Well sir. He kept that up until he had the core of that piece of firewood split down to toothpick size. And then he did the same thing to another chunk of oak and another one after that and so on until, about 10 minutes later, he had a stack of split wood next to him taller than he was. At that point he generously let us try it (and there was nothing to splittin’ out logs just as good as David had done) and then he ran his hands and his gloves and his jacket all around the Stickler’s point to show us that it was a clanged sight more difficult to get into trouble with the machine than most folks might suppose.
“I don’t recommend that anyone else ever fool around this way,” David warned as he repeated the last part of his demonstration, “because anything that can split wood the way the Stickler does should be treated with a great deal of respect. Still, you can see that you’d really have to be a maladroit to get yourself hurt on this thing. We think it’s the safest log splitter on the market.”
And we had to agree.
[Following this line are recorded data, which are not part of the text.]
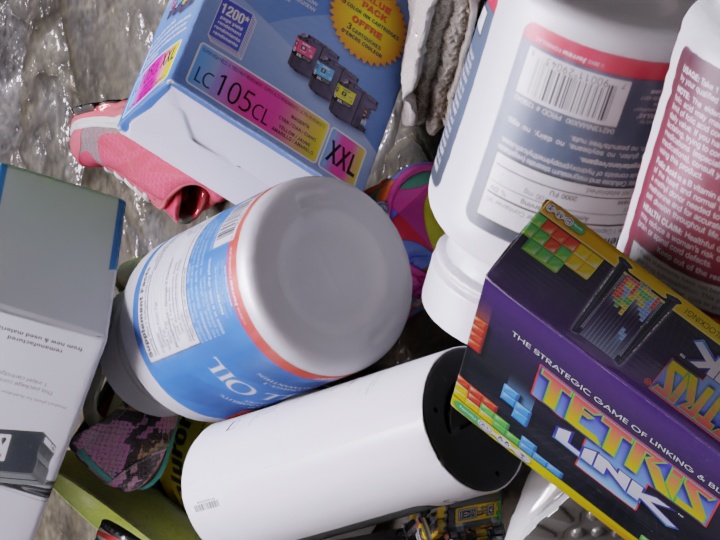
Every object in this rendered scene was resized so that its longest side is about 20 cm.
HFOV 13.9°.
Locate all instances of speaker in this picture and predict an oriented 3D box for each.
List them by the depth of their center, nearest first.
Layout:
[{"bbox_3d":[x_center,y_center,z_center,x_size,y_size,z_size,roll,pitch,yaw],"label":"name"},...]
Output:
[{"bbox_3d":[-0.005,0.101,1.616,0.199,0.081,0.082,-20,74,43],"label":"speaker"}]

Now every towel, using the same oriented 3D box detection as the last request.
[{"bbox_3d":[0.044,-0.166,1.617,0.200,0.034,0.133,102,172,-68],"label":"towel"}]

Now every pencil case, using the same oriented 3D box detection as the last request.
[{"bbox_3d":[0.000,0.000,1.740,0.200,0.088,0.089,-27,69,56],"label":"pencil case"}]

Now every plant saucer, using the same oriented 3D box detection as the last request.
[{"bbox_3d":[-0.121,0.173,1.876,0.031,0.200,0.200,-51,35,-11],"label":"plant saucer"}]

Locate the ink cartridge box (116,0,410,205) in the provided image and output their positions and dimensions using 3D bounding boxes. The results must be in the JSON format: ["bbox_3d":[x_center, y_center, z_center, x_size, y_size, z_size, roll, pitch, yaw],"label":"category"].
[{"bbox_3d":[-0.042,-0.138,1.709,0.076,0.136,0.201,-33,31,50],"label":"ink cartridge box"}]

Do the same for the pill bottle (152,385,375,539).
[{"bbox_3d":[-0.076,0.106,1.836,0.200,0.111,0.112,22,109,55],"label":"pill bottle"}]

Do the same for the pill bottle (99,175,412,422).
[{"bbox_3d":[-0.067,0.024,1.673,0.200,0.112,0.113,-24,71,55],"label":"pill bottle"}]

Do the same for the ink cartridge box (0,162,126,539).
[{"bbox_3d":[-0.208,0.063,1.746,0.145,0.084,0.201,-89,18,-55],"label":"ink cartridge box"}]

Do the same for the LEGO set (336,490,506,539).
[{"bbox_3d":[0.023,0.210,1.660,0.154,0.115,0.201,147,112,-69],"label":"LEGO set"}]

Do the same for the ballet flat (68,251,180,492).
[{"bbox_3d":[-0.127,0.038,1.794,0.069,0.071,0.201,-22,38,46],"label":"ballet flat"}]

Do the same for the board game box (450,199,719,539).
[{"bbox_3d":[0.142,0.076,1.415,0.200,0.057,0.166,37,160,12],"label":"board game box"}]

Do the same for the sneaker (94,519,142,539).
[{"bbox_3d":[-0.119,0.241,1.817,0.094,0.200,0.070,-51,37,-12],"label":"sneaker"}]

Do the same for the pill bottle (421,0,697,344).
[{"bbox_3d":[0.101,-0.061,1.554,0.120,0.119,0.201,47,128,45],"label":"pill bottle"}]

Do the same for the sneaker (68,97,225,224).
[{"bbox_3d":[-0.135,-0.072,1.951,0.200,0.073,0.087,-7,86,56],"label":"sneaker"}]

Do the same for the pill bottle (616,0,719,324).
[{"bbox_3d":[0.197,-0.064,1.414,0.114,0.114,0.201,42,126,47],"label":"pill bottle"}]

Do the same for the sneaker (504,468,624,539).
[{"bbox_3d":[0.127,0.095,1.578,0.201,0.076,0.081,-62,32,30],"label":"sneaker"}]
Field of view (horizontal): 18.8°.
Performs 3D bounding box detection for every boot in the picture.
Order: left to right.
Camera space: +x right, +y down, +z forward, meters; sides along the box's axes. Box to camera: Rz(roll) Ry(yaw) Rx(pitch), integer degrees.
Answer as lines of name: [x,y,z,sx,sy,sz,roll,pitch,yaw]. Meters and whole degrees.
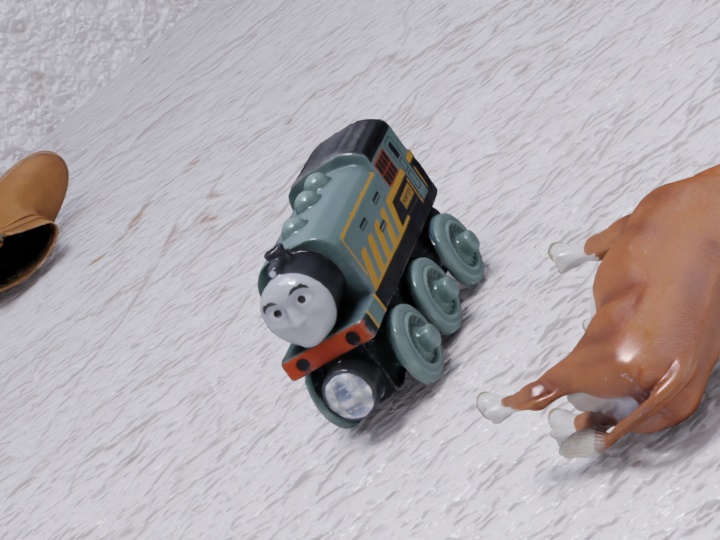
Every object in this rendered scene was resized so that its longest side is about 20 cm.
boot: [-0.334,-0.046,2.139,0.200,0.077,0.155,-48,16,-24]

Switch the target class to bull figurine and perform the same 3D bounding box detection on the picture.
bull figurine: [0.132,0.009,0.972,0.121,0.065,0.200,-30,15,39]

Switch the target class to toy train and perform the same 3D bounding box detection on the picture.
toy train: [0.000,0.000,1.196,0.085,0.114,0.200,-30,17,28]
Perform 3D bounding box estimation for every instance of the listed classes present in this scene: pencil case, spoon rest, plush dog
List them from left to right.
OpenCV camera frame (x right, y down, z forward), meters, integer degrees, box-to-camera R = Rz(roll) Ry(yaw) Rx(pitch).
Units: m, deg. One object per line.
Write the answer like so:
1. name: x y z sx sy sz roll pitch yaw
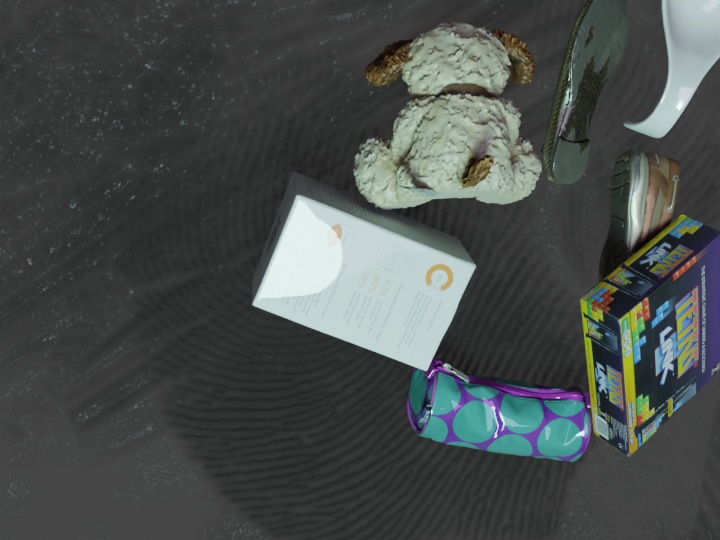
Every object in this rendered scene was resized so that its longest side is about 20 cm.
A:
1. plush dog: 0.092 -0.159 1.021 0.196 0.160 0.175 -3 84 -6
2. pencil case: 0.154 0.155 1.155 0.197 0.086 0.093 11 122 -10
3. spoon rest: 0.333 -0.230 1.054 0.098 0.061 0.203 16 108 -11

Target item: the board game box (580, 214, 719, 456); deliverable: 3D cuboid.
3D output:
1. board game box: 0.311 0.070 1.093 0.164 0.056 0.202 -35 132 -22

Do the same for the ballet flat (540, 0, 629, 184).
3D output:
1. ballet flat: 0.224 -0.189 1.068 0.066 0.046 0.203 5 106 -23

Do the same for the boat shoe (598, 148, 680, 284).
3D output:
1. boat shoe: 0.305 -0.028 1.115 0.070 0.076 0.203 1 111 -9

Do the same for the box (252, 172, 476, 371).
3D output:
1. box: 0.000 0.000 1.077 0.197 0.098 0.126 21 105 -12
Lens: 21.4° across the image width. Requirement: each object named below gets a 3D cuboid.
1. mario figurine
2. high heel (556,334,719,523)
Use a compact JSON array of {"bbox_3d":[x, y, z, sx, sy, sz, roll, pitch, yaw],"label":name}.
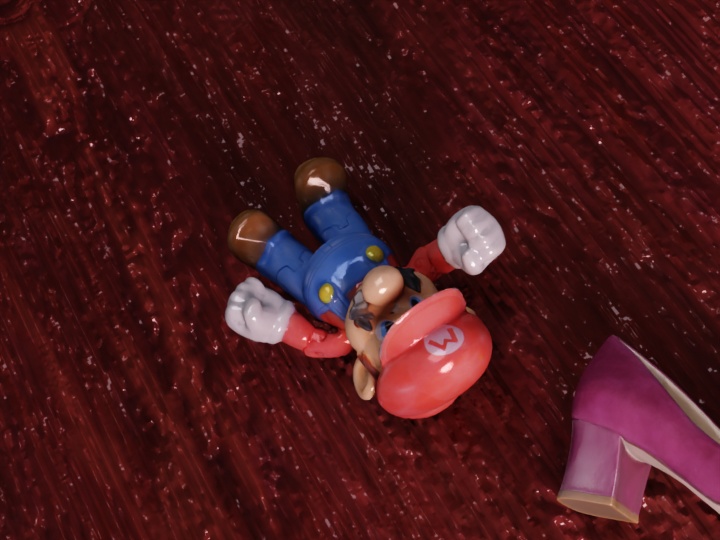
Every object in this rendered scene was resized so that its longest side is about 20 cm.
[{"bbox_3d":[0.000,0.000,1.058,0.200,0.106,0.124,42,114,46],"label":"mario figurine"},{"bbox_3d":[0.194,0.085,0.947,0.199,0.067,0.097,3,68,40],"label":"high heel"}]
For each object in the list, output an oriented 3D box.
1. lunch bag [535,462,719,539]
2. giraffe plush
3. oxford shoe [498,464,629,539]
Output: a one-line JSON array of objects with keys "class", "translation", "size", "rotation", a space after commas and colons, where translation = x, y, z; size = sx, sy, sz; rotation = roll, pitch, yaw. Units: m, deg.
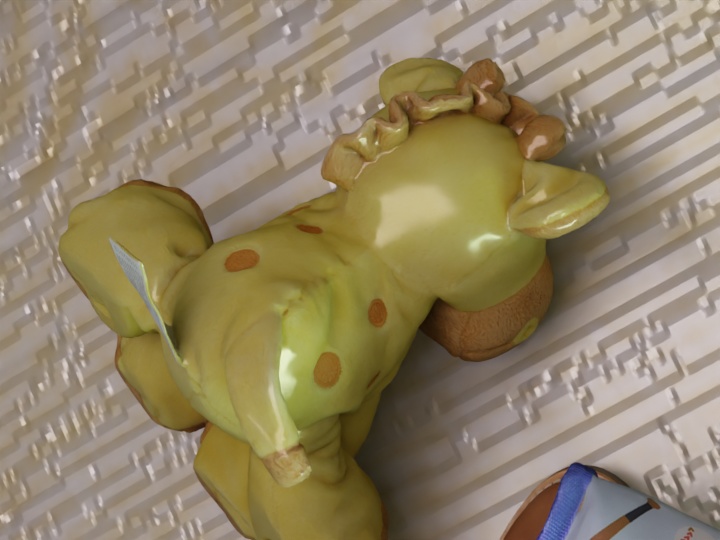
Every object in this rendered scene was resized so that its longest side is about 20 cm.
[{"class": "lunch bag", "translation": [0.099, 0.189, 0.961], "size": [0.170, 0.124, 0.201], "rotation": [27, 83, 9]}, {"class": "giraffe plush", "translation": [0.000, 0.000, 1.048], "size": [0.162, 0.200, 0.173], "rotation": [-35, 68, -12]}, {"class": "oxford shoe", "translation": [0.050, 0.165, 1.051], "size": [0.071, 0.071, 0.201], "rotation": [22, 94, 24]}]
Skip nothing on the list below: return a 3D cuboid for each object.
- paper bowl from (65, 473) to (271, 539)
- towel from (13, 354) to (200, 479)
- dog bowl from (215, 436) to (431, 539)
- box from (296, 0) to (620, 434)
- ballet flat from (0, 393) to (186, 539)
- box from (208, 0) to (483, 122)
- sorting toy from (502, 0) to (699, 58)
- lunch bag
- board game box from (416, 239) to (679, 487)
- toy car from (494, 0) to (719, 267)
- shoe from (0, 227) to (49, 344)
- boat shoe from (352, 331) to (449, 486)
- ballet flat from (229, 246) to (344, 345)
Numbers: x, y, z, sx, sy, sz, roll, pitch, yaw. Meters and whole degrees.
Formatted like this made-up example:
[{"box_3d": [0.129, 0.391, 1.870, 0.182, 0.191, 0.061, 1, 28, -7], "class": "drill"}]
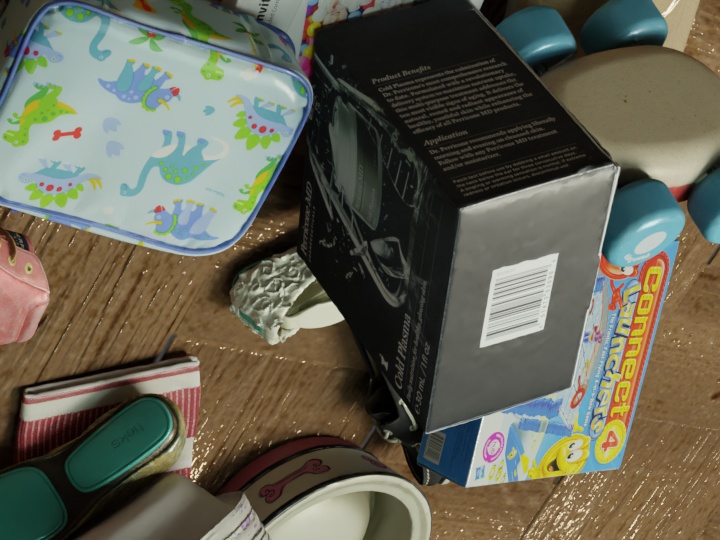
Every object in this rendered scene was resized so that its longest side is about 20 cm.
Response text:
[{"box_3d": [-0.163, 0.222, 1.607, 0.200, 0.201, 0.105, -32, 96, -9], "class": "paper bowl"}, {"box_3d": [-0.193, 0.153, 1.664, 0.143, 0.023, 0.201, -11, 131, -27], "class": "towel"}, {"box_3d": [-0.045, 0.218, 1.796, 0.199, 0.074, 0.201, -21, 136, -22], "class": "dog bowl"}, {"box_3d": [0.057, -0.039, 1.482, 0.123, 0.197, 0.201, -15, 136, -23], "class": "box"}, {"box_3d": [-0.210, 0.158, 1.599, 0.199, 0.071, 0.071, -32, 140, -5], "class": "ballet flat"}, {"box_3d": [-0.012, -0.173, 1.488, 0.199, 0.041, 0.157, -1, 127, -36], "class": "box"}, {"box_3d": [0.168, -0.172, 1.637, 0.199, 0.036, 0.186, -14, 134, -33], "class": "sorting toy"}, {"box_3d": [-0.144, -0.098, 1.393, 0.199, 0.083, 0.161, 15, 119, -27], "class": "lunch bag"}, {"box_3d": [0.148, 0.062, 1.751, 0.195, 0.056, 0.201, -2, 109, -46], "class": "board game box"}, {"box_3d": [0.158, -0.060, 1.583, 0.176, 0.185, 0.200, -13, 152, -35], "class": "toy car"}, {"box_3d": [-0.253, -0.018, 1.427, 0.091, 0.072, 0.201, -21, 140, -27], "class": "shoe"}, {"box_3d": [0.031, 0.097, 1.744, 0.060, 0.074, 0.201, -25, 135, -17], "class": "boat shoe"}, {"box_3d": [0.000, 0.000, 1.637, 0.199, 0.072, 0.072, -27, 138, -16], "class": "ballet flat"}]
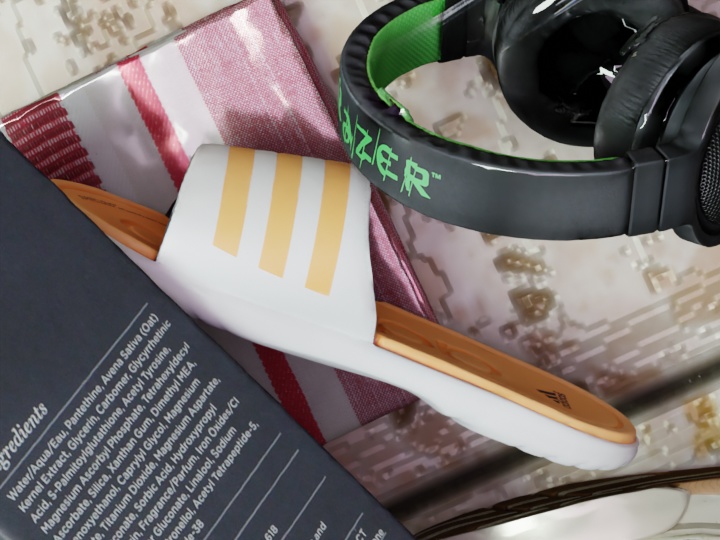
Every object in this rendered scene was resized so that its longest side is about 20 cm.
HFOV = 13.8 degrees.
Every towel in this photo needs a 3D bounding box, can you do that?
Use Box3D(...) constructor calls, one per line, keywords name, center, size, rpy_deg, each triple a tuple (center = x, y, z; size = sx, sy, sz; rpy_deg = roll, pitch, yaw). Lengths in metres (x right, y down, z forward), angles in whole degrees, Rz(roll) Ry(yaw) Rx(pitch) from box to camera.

The Stickler looks to us to be the safest, the fastest, the lowest cost, the least expensive to operate (one gallon of gas burned per cord of wood split), the most troublefree (there’s hardly anything to go wrong) . . . in short, the BEST log splitter you can purchase anywhere. We bought ours on the spot after David’s demonstration and we wouldn’t sell it for a thousand dollars if we knew we couldn’t get another.
And that’s all we’ve got to say on the subject. Except that anyone else who intends to burn wood this winter is well advised to get his or her order for a Stickler in early. Because once “they” find out how good this thing is, we just know that Taos is gonna have one devil of a time keeping up with demand.